• [Given records]
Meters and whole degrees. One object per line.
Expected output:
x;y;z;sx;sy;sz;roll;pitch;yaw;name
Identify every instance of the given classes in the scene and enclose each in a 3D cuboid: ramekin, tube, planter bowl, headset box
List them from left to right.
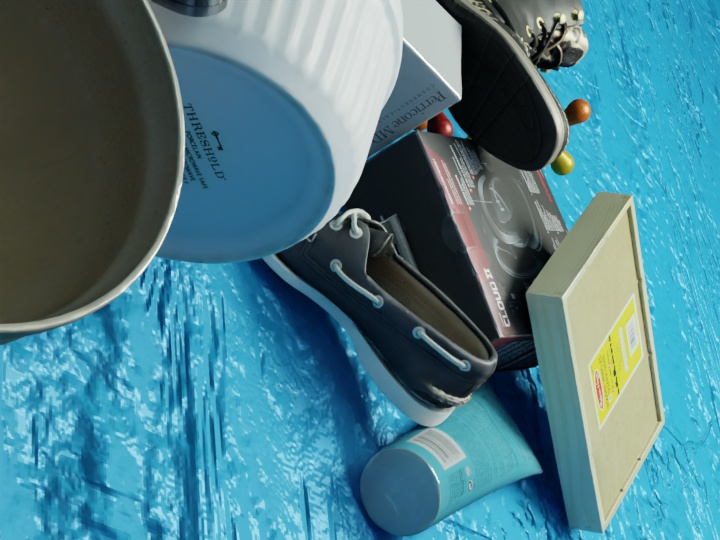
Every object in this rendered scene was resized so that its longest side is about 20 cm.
-0.184;-0.053;0.560;0.199;0.134;0.202;23;56;-37;planter bowl
-0.081;-0.092;0.723;0.200;0.199;0.106;38;45;-34;ramekin
0.063;0.114;0.918;0.078;0.050;0.200;63;25;6;tube
0.076;-0.009;1.013;0.199;0.077;0.150;-2;66;-57;headset box

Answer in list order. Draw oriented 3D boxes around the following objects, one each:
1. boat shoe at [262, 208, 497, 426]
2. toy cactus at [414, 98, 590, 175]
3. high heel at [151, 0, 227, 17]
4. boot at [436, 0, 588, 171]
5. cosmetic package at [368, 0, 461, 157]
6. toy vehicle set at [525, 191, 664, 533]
0.000;0.000;0.873;0.200;0.060;0.074;50;29;7;boat shoe
0.090;-0.145;1.157;0.199;0.102;0.166;0;54;-47;toy cactus
-0.131;-0.200;0.597;0.198;0.144;0.071;21;37;14;high heel
0.112;-0.158;1.056;0.150;0.073;0.200;-11;52;-45;boot
-0.035;-0.167;0.942;0.200;0.112;0.082;39;36;-29;cosmetic package
0.166;0.064;1.017;0.124;0.026;0.202;-48;134;-43;toy vehicle set
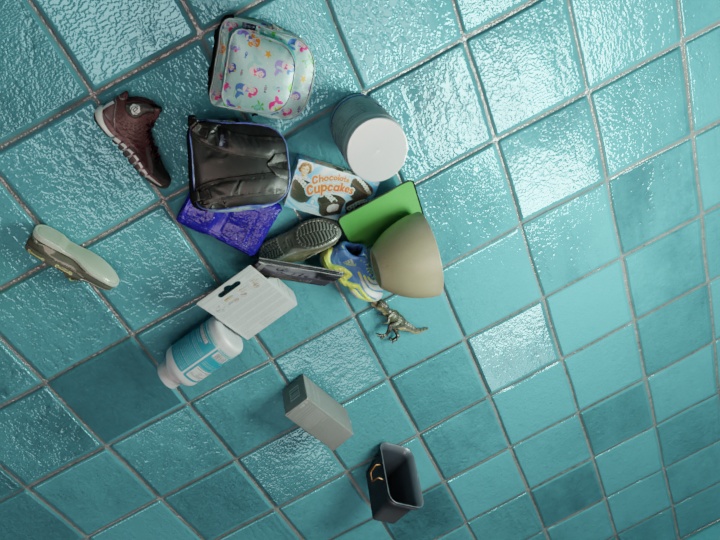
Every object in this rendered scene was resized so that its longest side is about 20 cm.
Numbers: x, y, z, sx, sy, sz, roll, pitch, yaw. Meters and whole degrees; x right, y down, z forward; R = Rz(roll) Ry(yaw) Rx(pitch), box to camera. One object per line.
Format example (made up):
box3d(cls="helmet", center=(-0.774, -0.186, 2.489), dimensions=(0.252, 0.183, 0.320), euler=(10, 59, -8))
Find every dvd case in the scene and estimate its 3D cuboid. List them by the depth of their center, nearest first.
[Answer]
box3d(cls="dvd case", center=(-0.155, 0.006, 1.376), dimensions=(0.196, 0.148, 0.016), euler=(10, 77, -19))

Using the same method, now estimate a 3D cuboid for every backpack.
box3d(cls="backpack", center=(-0.186, -0.387, 1.146), dimensions=(0.196, 0.151, 0.180), euler=(7, 115, -23))
box3d(cls="backpack", center=(-0.250, -0.214, 1.203), dimensions=(0.196, 0.147, 0.187), euler=(-5, 98, -19))

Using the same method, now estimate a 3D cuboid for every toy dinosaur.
box3d(cls="toy dinosaur", center=(0.092, 0.149, 1.567), dimensions=(0.199, 0.048, 0.089), euler=(33, 100, -31))

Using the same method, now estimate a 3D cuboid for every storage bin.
box3d(cls="storage bin", center=(0.081, 0.640, 1.754), dimensions=(0.144, 0.202, 0.135), euler=(21, 121, -24))

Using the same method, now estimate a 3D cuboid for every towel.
box3d(cls="towel", center=(-0.290, -0.125, 1.312), dimensions=(0.198, 0.050, 0.149), euler=(26, 110, -25))

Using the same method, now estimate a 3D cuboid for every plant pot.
box3d(cls="plant pot", center=(0.097, -0.022, 1.379), dimensions=(0.132, 0.201, 0.203), euler=(-15, 121, -8))

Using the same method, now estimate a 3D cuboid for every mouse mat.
box3d(cls="mouse mat", center=(0.051, -0.123, 1.389), dimensions=(0.198, 0.008, 0.162), euler=(-29, 147, 0))

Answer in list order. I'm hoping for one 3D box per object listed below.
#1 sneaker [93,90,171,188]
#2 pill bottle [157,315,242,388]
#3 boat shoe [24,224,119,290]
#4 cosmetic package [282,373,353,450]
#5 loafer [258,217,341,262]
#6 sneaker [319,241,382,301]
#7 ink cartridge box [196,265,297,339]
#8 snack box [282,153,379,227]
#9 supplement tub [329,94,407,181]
box3d(cls="sneaker", center=(-0.425, -0.268, 1.186), dimensions=(0.115, 0.076, 0.201), euler=(-36, 120, 3))
box3d(cls="pill bottle", center=(-0.392, 0.202, 1.430), dimensions=(0.198, 0.111, 0.111), euler=(-34, 121, 5))
box3d(cls="boat shoe", center=(-0.620, -0.016, 1.275), dimensions=(0.201, 0.072, 0.060), euler=(39, 106, -22))
box3d(cls="cosmetic package", center=(-0.115, 0.387, 1.608), dimensions=(0.090, 0.107, 0.200), euler=(-37, 119, 8))
box3d(cls="loafer", center=(-0.138, -0.063, 1.379), dimensions=(0.196, 0.077, 0.070), euler=(-18, 163, 3))
box3d(cls="sneaker", center=(0.000, 0.000, 1.424), dimensions=(0.199, 0.077, 0.105), euler=(33, 132, -27))
box3d(cls="ink cartridge box", center=(-0.265, 0.066, 1.392), dimensions=(0.161, 0.057, 0.200), euler=(-34, 135, 8))
box3d(cls="snack box", center=(-0.067, -0.180, 1.347), dimensions=(0.197, 0.037, 0.118), euler=(13, 115, -21))
box3d(cls="supplement tub", center=(0.013, -0.278, 1.219), dimensions=(0.129, 0.201, 0.134), euler=(-6, 120, -11))
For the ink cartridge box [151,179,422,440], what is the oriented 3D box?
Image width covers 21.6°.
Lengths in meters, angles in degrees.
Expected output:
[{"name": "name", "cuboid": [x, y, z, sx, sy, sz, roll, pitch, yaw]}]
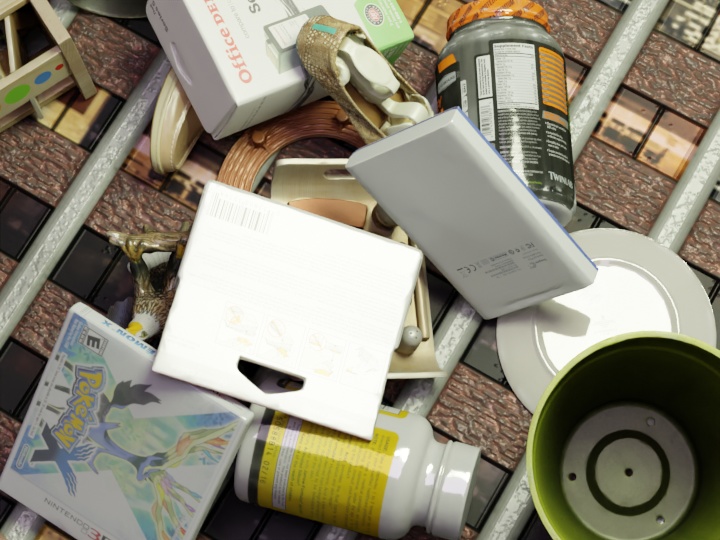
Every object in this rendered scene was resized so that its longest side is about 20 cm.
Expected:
[{"name": "ink cartridge box", "cuboid": [-0.063, 0.037, 1.610, 0.198, 0.045, 0.178, 18, 72, -7]}]

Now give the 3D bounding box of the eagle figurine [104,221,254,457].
[{"name": "eagle figurine", "cuboid": [-0.180, 0.063, 1.683, 0.151, 0.150, 0.202, 9, 104, 47]}]

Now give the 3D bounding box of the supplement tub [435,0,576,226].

• [Problem description]
Search the material for the string "each" and show every line that has it.

• [Response box]
Identify every instance of the given classes in the scene and enclose each in a 3D cuboid: ramekin, tube, planter bowl, headset box
Answer in list order. Draw oriented 3D boxes around the following objects, one each:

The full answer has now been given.